-- Data supplied follows --

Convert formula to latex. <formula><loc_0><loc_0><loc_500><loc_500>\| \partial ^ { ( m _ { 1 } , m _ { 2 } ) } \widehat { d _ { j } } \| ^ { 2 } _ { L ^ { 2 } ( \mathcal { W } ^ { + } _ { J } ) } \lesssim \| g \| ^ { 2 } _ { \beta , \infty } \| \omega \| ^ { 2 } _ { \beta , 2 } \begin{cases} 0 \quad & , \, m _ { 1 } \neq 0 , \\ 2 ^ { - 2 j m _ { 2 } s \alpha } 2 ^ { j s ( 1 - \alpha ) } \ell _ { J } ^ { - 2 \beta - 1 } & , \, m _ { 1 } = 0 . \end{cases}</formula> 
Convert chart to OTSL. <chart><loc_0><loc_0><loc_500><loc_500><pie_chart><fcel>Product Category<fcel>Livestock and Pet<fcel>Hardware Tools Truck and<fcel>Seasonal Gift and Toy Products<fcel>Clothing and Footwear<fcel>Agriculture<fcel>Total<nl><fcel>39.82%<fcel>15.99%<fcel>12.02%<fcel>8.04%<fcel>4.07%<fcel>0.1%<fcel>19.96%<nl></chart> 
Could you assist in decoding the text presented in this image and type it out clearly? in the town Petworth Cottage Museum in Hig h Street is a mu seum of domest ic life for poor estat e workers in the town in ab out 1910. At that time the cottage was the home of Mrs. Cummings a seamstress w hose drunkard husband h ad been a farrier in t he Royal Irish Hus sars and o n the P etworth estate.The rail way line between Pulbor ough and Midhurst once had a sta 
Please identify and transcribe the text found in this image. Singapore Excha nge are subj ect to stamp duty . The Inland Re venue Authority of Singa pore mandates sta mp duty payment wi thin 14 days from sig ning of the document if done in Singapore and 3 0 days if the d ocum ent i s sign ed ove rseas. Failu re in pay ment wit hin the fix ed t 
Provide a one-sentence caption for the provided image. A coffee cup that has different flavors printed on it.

-- Data supplied concluded --

» **Exercise description**
Each entry above needs to be duplicated exactly.

» **Response**
Convert formula to latex. <formula><loc_0><loc_0><loc_500><loc_500>\| \partial ^ { ( m _ { 1 } , m _ { 2 } ) } \widehat { d _ { j } } \| ^ { 2 } _ { L ^ { 2 } ( \mathcal { W } ^ { + } _ { J } ) } \lesssim \| g \| ^ { 2 } _ { \beta , \infty } \| \omega \| ^ { 2 } _ { \beta , 2 } \begin{cases} 0 \quad & , \, m _ { 1 } \neq 0 , \\ 2 ^ { - 2 j m _ { 2 } s \alpha } 2 ^ { j s ( 1 - \alpha ) } \ell _ { J } ^ { - 2 \beta - 1 } & , \, m _ { 1 } = 0 . \end{cases}</formula> 
Convert chart to OTSL. <chart><loc_0><loc_0><loc_500><loc_500><pie_chart><fcel>Product Category<fcel>Livestock and Pet<fcel>Hardware Tools Truck and<fcel>Seasonal Gift and Toy Products<fcel>Clothing and Footwear<fcel>Agriculture<fcel>Total<nl><fcel>39.82%<fcel>15.99%<fcel>12.02%<fcel>8.04%<fcel>4.07%<fcel>0.1%<fcel>19.96%<nl></chart> 
Could you assist in decoding the text presented in this image and type it out clearly? in the town Petworth Cottage Museum in Hig h Street is a mu seum of domest ic life for poor estat e workers in the town in ab out 1910. At that time the cottage was the home of Mrs. Cummings a seamstress w hose drunkard husband h ad been a farrier in t he Royal Irish Hus sars and o n the P etworth estate.The rail way line between Pulbor ough and Midhurst once had a sta 
Please identify and transcribe the text found in this image. Singapore Excha nge are subj ect to stamp duty . The Inland Re venue Authority of Singa pore mandates sta mp duty payment wi thin 14 days from sig ning of the document if done in Singapore and 3 0 days if the d ocum ent i s sign ed ove rseas. Failu re in pay ment wit hin the fix ed t 
Provide a one-sentence caption for the provided image. A coffee cup that has different flavors printed on it.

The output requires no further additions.